[Records from a collection]
◇ ◇ ◇
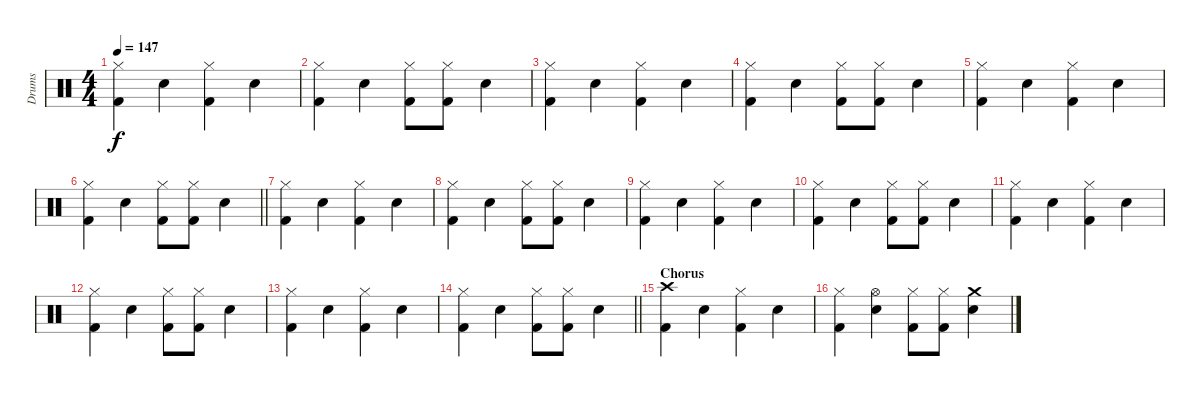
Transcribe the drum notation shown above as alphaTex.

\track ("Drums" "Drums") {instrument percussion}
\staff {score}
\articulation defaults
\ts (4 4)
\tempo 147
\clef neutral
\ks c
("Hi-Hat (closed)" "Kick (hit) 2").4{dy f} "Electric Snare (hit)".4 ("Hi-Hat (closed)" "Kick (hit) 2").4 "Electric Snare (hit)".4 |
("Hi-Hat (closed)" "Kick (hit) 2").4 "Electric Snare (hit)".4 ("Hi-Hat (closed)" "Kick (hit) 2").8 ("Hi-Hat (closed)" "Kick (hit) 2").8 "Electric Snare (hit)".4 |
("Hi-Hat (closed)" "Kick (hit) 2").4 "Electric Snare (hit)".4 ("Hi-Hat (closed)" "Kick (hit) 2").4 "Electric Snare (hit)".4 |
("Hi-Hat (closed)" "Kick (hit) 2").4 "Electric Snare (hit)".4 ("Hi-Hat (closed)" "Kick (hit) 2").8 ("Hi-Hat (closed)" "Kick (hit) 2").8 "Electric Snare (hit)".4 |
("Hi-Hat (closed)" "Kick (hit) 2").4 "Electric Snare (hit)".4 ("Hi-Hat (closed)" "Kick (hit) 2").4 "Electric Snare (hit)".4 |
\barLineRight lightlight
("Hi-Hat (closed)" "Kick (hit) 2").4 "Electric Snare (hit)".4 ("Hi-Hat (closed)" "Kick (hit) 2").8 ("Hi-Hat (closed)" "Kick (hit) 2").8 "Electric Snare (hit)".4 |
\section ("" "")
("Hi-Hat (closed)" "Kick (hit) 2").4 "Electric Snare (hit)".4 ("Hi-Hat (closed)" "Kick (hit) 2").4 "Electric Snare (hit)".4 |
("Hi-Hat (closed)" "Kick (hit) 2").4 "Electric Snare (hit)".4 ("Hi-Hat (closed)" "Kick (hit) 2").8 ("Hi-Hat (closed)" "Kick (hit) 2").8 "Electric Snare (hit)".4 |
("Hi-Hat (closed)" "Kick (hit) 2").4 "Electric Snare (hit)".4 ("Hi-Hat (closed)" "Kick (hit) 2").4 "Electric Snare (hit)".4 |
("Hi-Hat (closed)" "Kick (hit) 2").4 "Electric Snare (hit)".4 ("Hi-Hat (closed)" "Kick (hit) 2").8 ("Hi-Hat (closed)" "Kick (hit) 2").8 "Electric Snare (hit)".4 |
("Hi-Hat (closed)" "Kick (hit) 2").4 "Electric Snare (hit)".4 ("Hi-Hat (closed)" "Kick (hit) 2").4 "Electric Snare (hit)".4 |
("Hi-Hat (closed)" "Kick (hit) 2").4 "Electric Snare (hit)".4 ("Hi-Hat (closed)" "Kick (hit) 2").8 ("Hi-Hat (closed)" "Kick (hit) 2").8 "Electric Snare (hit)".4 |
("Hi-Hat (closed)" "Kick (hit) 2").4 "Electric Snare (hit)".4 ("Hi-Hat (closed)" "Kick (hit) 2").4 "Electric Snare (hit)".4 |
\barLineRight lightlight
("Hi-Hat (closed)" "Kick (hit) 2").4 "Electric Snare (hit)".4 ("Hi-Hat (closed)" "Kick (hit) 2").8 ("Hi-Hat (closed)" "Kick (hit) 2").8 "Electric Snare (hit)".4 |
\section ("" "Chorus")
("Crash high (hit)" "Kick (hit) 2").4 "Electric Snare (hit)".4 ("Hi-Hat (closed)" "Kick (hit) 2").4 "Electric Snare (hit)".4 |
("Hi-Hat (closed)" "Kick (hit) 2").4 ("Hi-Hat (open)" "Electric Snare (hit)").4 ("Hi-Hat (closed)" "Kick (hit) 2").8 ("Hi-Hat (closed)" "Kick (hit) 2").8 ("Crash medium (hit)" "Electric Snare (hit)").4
◇ ◇ ◇
▶ **Required action**
Word for word, write out each of the records, but not the pictures.

▶ **Problem solution**
Transcribe the drum notation shown above as alphaTex.

\track ("Drums" "Drums") {instrument percussion}
\staff {score}
\articulation defaults
\ts (4 4)
\tempo 147
\clef neutral
\ks c
("Hi-Hat (closed)" "Kick (hit) 2").4{dy f} "Electric Snare (hit)".4 ("Hi-Hat (closed)" "Kick (hit) 2").4 "Electric Snare (hit)".4 |
("Hi-Hat (closed)" "Kick (hit) 2").4 "Electric Snare (hit)".4 ("Hi-Hat (closed)" "Kick (hit) 2").8 ("Hi-Hat (closed)" "Kick (hit) 2").8 "Electric Snare (hit)".4 |
("Hi-Hat (closed)" "Kick (hit) 2").4 "Electric Snare (hit)".4 ("Hi-Hat (closed)" "Kick (hit) 2").4 "Electric Snare (hit)".4 |
("Hi-Hat (closed)" "Kick (hit) 2").4 "Electric Snare (hit)".4 ("Hi-Hat (closed)" "Kick (hit) 2").8 ("Hi-Hat (closed)" "Kick (hit) 2").8 "Electric Snare (hit)".4 |
("Hi-Hat (closed)" "Kick (hit) 2").4 "Electric Snare (hit)".4 ("Hi-Hat (closed)" "Kick (hit) 2").4 "Electric Snare (hit)".4 |
\barLineRight lightlight
("Hi-Hat (closed)" "Kick (hit) 2").4 "Electric Snare (hit)".4 ("Hi-Hat (closed)" "Kick (hit) 2").8 ("Hi-Hat (closed)" "Kick (hit) 2").8 "Electric Snare (hit)".4 |
\section ("" "")
("Hi-Hat (closed)" "Kick (hit) 2").4 "Electric Snare (hit)".4 ("Hi-Hat (closed)" "Kick (hit) 2").4 "Electric Snare (hit)".4 |
("Hi-Hat (closed)" "Kick (hit) 2").4 "Electric Snare (hit)".4 ("Hi-Hat (closed)" "Kick (hit) 2").8 ("Hi-Hat (closed)" "Kick (hit) 2").8 "Electric Snare (hit)".4 |
("Hi-Hat (closed)" "Kick (hit) 2").4 "Electric Snare (hit)".4 ("Hi-Hat (closed)" "Kick (hit) 2").4 "Electric Snare (hit)".4 |
("Hi-Hat (closed)" "Kick (hit) 2").4 "Electric Snare (hit)".4 ("Hi-Hat (closed)" "Kick (hit) 2").8 ("Hi-Hat (closed)" "Kick (hit) 2").8 "Electric Snare (hit)".4 |
("Hi-Hat (closed)" "Kick (hit) 2").4 "Electric Snare (hit)".4 ("Hi-Hat (closed)" "Kick (hit) 2").4 "Electric Snare (hit)".4 |
("Hi-Hat (closed)" "Kick (hit) 2").4 "Electric Snare (hit)".4 ("Hi-Hat (closed)" "Kick (hit) 2").8 ("Hi-Hat (closed)" "Kick (hit) 2").8 "Electric Snare (hit)".4 |
("Hi-Hat (closed)" "Kick (hit) 2").4 "Electric Snare (hit)".4 ("Hi-Hat (closed)" "Kick (hit) 2").4 "Electric Snare (hit)".4 |
\barLineRight lightlight
("Hi-Hat (closed)" "Kick (hit) 2").4 "Electric Snare (hit)".4 ("Hi-Hat (closed)" "Kick (hit) 2").8 ("Hi-Hat (closed)" "Kick (hit) 2").8 "Electric Snare (hit)".4 |
\section ("" "Chorus")
("Crash high (hit)" "Kick (hit) 2").4 "Electric Snare (hit)".4 ("Hi-Hat (closed)" "Kick (hit) 2").4 "Electric Snare (hit)".4 |
("Hi-Hat (closed)" "Kick (hit) 2").4 ("Hi-Hat (open)" "Electric Snare (hit)").4 ("Hi-Hat (closed)" "Kick (hit) 2").8 ("Hi-Hat (closed)" "Kick (hit) 2").8 ("Crash medium (hit)" "Electric Snare (hit)").4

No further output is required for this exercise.